BEGIN Given records

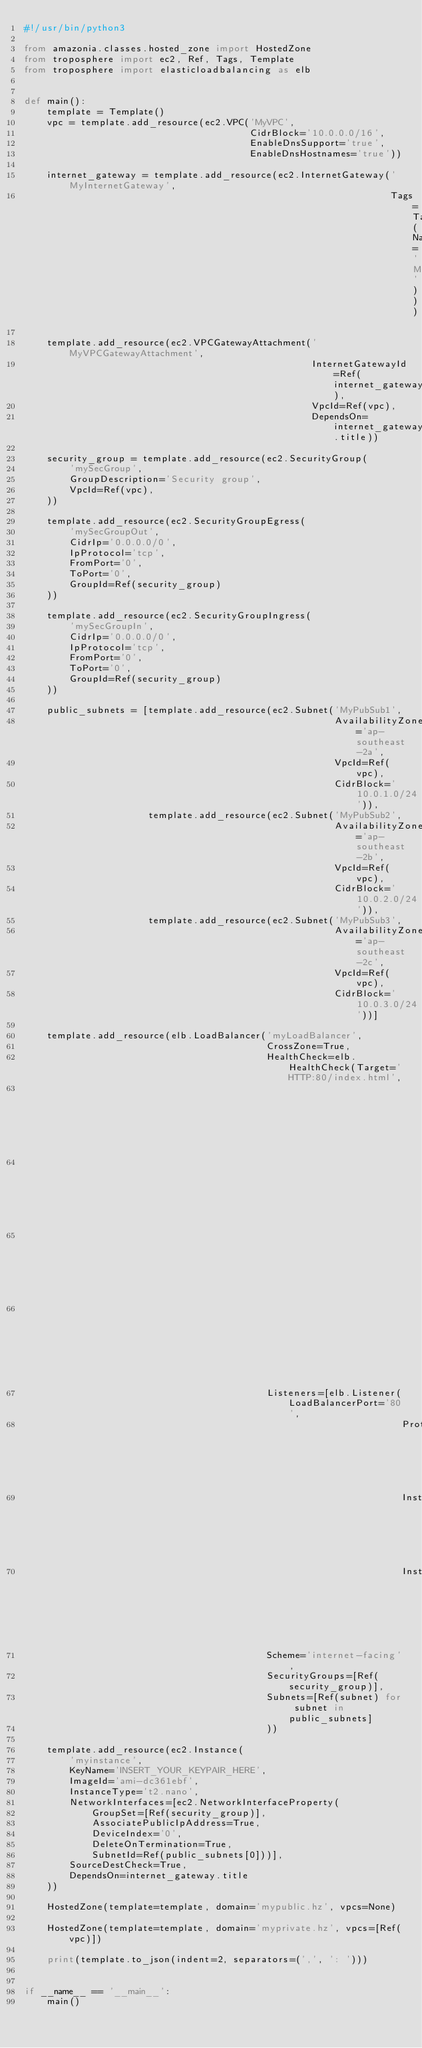<code> <loc_0><loc_0><loc_500><loc_500><_Python_>#!/usr/bin/python3

from amazonia.classes.hosted_zone import HostedZone
from troposphere import ec2, Ref, Tags, Template
from troposphere import elasticloadbalancing as elb


def main():
    template = Template()
    vpc = template.add_resource(ec2.VPC('MyVPC',
                                        CidrBlock='10.0.0.0/16',
                                        EnableDnsSupport='true',
                                        EnableDnsHostnames='true'))

    internet_gateway = template.add_resource(ec2.InternetGateway('MyInternetGateway',
                                                                 Tags=Tags(Name='MyInternetGateway')))

    template.add_resource(ec2.VPCGatewayAttachment('MyVPCGatewayAttachment',
                                                   InternetGatewayId=Ref(internet_gateway),
                                                   VpcId=Ref(vpc),
                                                   DependsOn=internet_gateway.title))

    security_group = template.add_resource(ec2.SecurityGroup(
        'mySecGroup',
        GroupDescription='Security group',
        VpcId=Ref(vpc),
    ))

    template.add_resource(ec2.SecurityGroupEgress(
        'mySecGroupOut',
        CidrIp='0.0.0.0/0',
        IpProtocol='tcp',
        FromPort='0',
        ToPort='0',
        GroupId=Ref(security_group)
    ))

    template.add_resource(ec2.SecurityGroupIngress(
        'mySecGroupIn',
        CidrIp='0.0.0.0/0',
        IpProtocol='tcp',
        FromPort='0',
        ToPort='0',
        GroupId=Ref(security_group)
    ))

    public_subnets = [template.add_resource(ec2.Subnet('MyPubSub1',
                                                       AvailabilityZone='ap-southeast-2a',
                                                       VpcId=Ref(vpc),
                                                       CidrBlock='10.0.1.0/24')),
                      template.add_resource(ec2.Subnet('MyPubSub2',
                                                       AvailabilityZone='ap-southeast-2b',
                                                       VpcId=Ref(vpc),
                                                       CidrBlock='10.0.2.0/24')),
                      template.add_resource(ec2.Subnet('MyPubSub3',
                                                       AvailabilityZone='ap-southeast-2c',
                                                       VpcId=Ref(vpc),
                                                       CidrBlock='10.0.3.0/24'))]

    template.add_resource(elb.LoadBalancer('myLoadBalancer',
                                           CrossZone=True,
                                           HealthCheck=elb.HealthCheck(Target='HTTP:80/index.html',
                                                                       HealthyThreshold='10',
                                                                       UnhealthyThreshold='2',
                                                                       Interval='300',
                                                                       Timeout='60'),
                                           Listeners=[elb.Listener(LoadBalancerPort='80',
                                                                   Protocol='HTTP',
                                                                   InstancePort='80',
                                                                   InstanceProtocol='HTTP')],
                                           Scheme='internet-facing',
                                           SecurityGroups=[Ref(security_group)],
                                           Subnets=[Ref(subnet) for subnet in public_subnets]
                                           ))

    template.add_resource(ec2.Instance(
        'myinstance',
        KeyName='INSERT_YOUR_KEYPAIR_HERE',
        ImageId='ami-dc361ebf',
        InstanceType='t2.nano',
        NetworkInterfaces=[ec2.NetworkInterfaceProperty(
            GroupSet=[Ref(security_group)],
            AssociatePublicIpAddress=True,
            DeviceIndex='0',
            DeleteOnTermination=True,
            SubnetId=Ref(public_subnets[0]))],
        SourceDestCheck=True,
        DependsOn=internet_gateway.title
    ))

    HostedZone(template=template, domain='mypublic.hz', vpcs=None)

    HostedZone(template=template, domain='myprivate.hz', vpcs=[Ref(vpc)])

    print(template.to_json(indent=2, separators=(',', ': ')))


if __name__ == '__main__':
    main()
</code>

END Given records

- [Your goal]: Give back the whole of the material exactly, with the pictures removed.

- [Solution to the problem]:
<code> <loc_0><loc_0><loc_500><loc_500><_Python_>#!/usr/bin/python3

from amazonia.classes.hosted_zone import HostedZone
from troposphere import ec2, Ref, Tags, Template
from troposphere import elasticloadbalancing as elb


def main():
    template = Template()
    vpc = template.add_resource(ec2.VPC('MyVPC',
                                        CidrBlock='10.0.0.0/16',
                                        EnableDnsSupport='true',
                                        EnableDnsHostnames='true'))

    internet_gateway = template.add_resource(ec2.InternetGateway('MyInternetGateway',
                                                                 Tags=Tags(Name='MyInternetGateway')))

    template.add_resource(ec2.VPCGatewayAttachment('MyVPCGatewayAttachment',
                                                   InternetGatewayId=Ref(internet_gateway),
                                                   VpcId=Ref(vpc),
                                                   DependsOn=internet_gateway.title))

    security_group = template.add_resource(ec2.SecurityGroup(
        'mySecGroup',
        GroupDescription='Security group',
        VpcId=Ref(vpc),
    ))

    template.add_resource(ec2.SecurityGroupEgress(
        'mySecGroupOut',
        CidrIp='0.0.0.0/0',
        IpProtocol='tcp',
        FromPort='0',
        ToPort='0',
        GroupId=Ref(security_group)
    ))

    template.add_resource(ec2.SecurityGroupIngress(
        'mySecGroupIn',
        CidrIp='0.0.0.0/0',
        IpProtocol='tcp',
        FromPort='0',
        ToPort='0',
        GroupId=Ref(security_group)
    ))

    public_subnets = [template.add_resource(ec2.Subnet('MyPubSub1',
                                                       AvailabilityZone='ap-southeast-2a',
                                                       VpcId=Ref(vpc),
                                                       CidrBlock='10.0.1.0/24')),
                      template.add_resource(ec2.Subnet('MyPubSub2',
                                                       AvailabilityZone='ap-southeast-2b',
                                                       VpcId=Ref(vpc),
                                                       CidrBlock='10.0.2.0/24')),
                      template.add_resource(ec2.Subnet('MyPubSub3',
                                                       AvailabilityZone='ap-southeast-2c',
                                                       VpcId=Ref(vpc),
                                                       CidrBlock='10.0.3.0/24'))]

    template.add_resource(elb.LoadBalancer('myLoadBalancer',
                                           CrossZone=True,
                                           HealthCheck=elb.HealthCheck(Target='HTTP:80/index.html',
                                                                       HealthyThreshold='10',
                                                                       UnhealthyThreshold='2',
                                                                       Interval='300',
                                                                       Timeout='60'),
                                           Listeners=[elb.Listener(LoadBalancerPort='80',
                                                                   Protocol='HTTP',
                                                                   InstancePort='80',
                                                                   InstanceProtocol='HTTP')],
                                           Scheme='internet-facing',
                                           SecurityGroups=[Ref(security_group)],
                                           Subnets=[Ref(subnet) for subnet in public_subnets]
                                           ))

    template.add_resource(ec2.Instance(
        'myinstance',
        KeyName='INSERT_YOUR_KEYPAIR_HERE',
        ImageId='ami-dc361ebf',
        InstanceType='t2.nano',
        NetworkInterfaces=[ec2.NetworkInterfaceProperty(
            GroupSet=[Ref(security_group)],
            AssociatePublicIpAddress=True,
            DeviceIndex='0',
            DeleteOnTermination=True,
            SubnetId=Ref(public_subnets[0]))],
        SourceDestCheck=True,
        DependsOn=internet_gateway.title
    ))

    HostedZone(template=template, domain='mypublic.hz', vpcs=None)

    HostedZone(template=template, domain='myprivate.hz', vpcs=[Ref(vpc)])

    print(template.to_json(indent=2, separators=(',', ': ')))


if __name__ == '__main__':
    main()
</code>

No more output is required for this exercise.